Un historial de delitos y amnistías cruzadas
La sentencia de la causa 13/84 cuantifica un total de 21.462 delitos cometidos por organizaciones guerrilleras entre 1969 y 1979. Esta cifra incluye 1501 asesinatos, 5215 atentados con explosivos, 1748 secuestros, 65 copamientos de regimientos, comisarías y localidades, y 215 atentados contra medios de comunicación, entre otros graves crímenes. Todos estos hechos, con nombre y apellido de víctimas y victimarios, fueron inicialmente amnistiados por los indultos de 1973 y, posteriormente, por la Ley de Punto Final dictada por el Congreso Nacional durante la presidencia de Raúl Alfonsín. Más tarde, el presidente Carlos Menem indultaría a las jerarquías de las Fuerzas Armadas y de la guerrilla.
En enero de 1989, el copamiento del Regimiento 3 de La Tablada por el movimiento guerrillero Todos por la Patria, un desprendimiento del PRT, resultó en el asesinato de nueve militares y dos policías, además de más de 50 heridos. Todos los guerrilleros involucrados, incluyendo a un sacerdote, fueron indultados por el presidente Eduardo Duhalde.
La era Kirchner y la reversión judicial
La presidencia de Néstor Kirchner marcó un giro significativo en la política de derechos humanos. Con el apoyo de familiares de guerrilleros y organizaciones de izquierda, a quienes se les cedió el diseño de esta política, el Poder Judicial se embarcó en una nueva etapa. Una flamante mayoría de la Corte Suprema declaró la invalidez de la Ley de Punto Final, pero de manera selectiva: solo respecto de las fuerzas del orden. Esta doctrina inauguró la era de los llamados “juicios de lesa humanidad” por hechos ocurridos 30, 40 o incluso 50 años atrás.

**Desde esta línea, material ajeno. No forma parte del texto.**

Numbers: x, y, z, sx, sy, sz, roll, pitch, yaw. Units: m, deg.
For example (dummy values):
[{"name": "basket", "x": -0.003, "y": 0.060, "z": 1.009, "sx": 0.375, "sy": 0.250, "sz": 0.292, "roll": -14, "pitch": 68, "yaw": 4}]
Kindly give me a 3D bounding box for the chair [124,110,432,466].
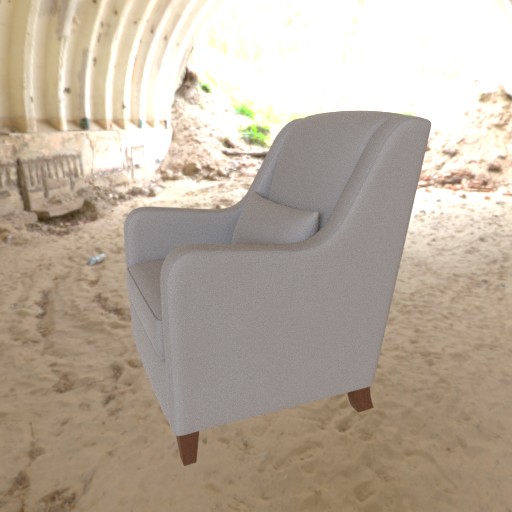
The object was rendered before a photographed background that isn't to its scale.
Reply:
[{"name": "chair", "x": 0.000, "y": 0.000, "z": 1.603, "sx": 0.863, "sy": 1.010, "sz": 0.715, "roll": -7, "pitch": 18, "yaw": -23}]

A partir de entonces, familiares de guerrilleros y organizaciones de izquierda persiguieron a quienes los habían combatido y juzgado desde 1973. Más de tres mil hombres y mujeres de las fuerzas armadas, de seguridad y de servicios penitenciarios, así como más de 35 jueces y fiscales federales, fueron detenidos. La asimetría se hizo evidente: mientras el brigadier Orlando Ramón Agosti, comandante de la Fuerza Aérea y miembro de la Junta Militar, fue condenado en la causa 13/84 a cuatro años y medio de prisión, en 2022 el excabo de la Fuerza Aérea Julio Narciso Flores, quien tenía 18 años al momento de los hechos y hoy es un anciano, fue sentenciado a 25 años de prisión. En contraste, el exterrorista Raúl Argemí, señalado como autor del asesinato del doctor Quiroga, fue apresado, juzgado y condenado, pero se le conmutó la pena y se lo indemnizó con 209.409 dólares por los 11 años que pasó en la cárcel.
Dejar firme la amnistía para los guerrilleros y revocarla para soldados, policías, jueces y fiscales que los combatieron o juzgaron ha sido interpretado como un mensaje contundente para asegurar la impunidad de ciertos delitos y una advertencia para quienes combatan la delincuencia en el futuro. En estos procesos, incluso se han documentado casos inventados décadas después de los hechos, con el fin de prolongar el escarnio, el odio y multiplicar indemnizaciones y beneficiarios. La amnistía, tradición parlamentaria argentina para pacificar conflictos sociales, ha dejado de ser un instrumento de reconciliación debido a esta política y doctrina. Constituyen, a partir de una “política de Estado” que no varía, una demostración de impunidad para algunos y la base para asegurar la venganza sobre otros.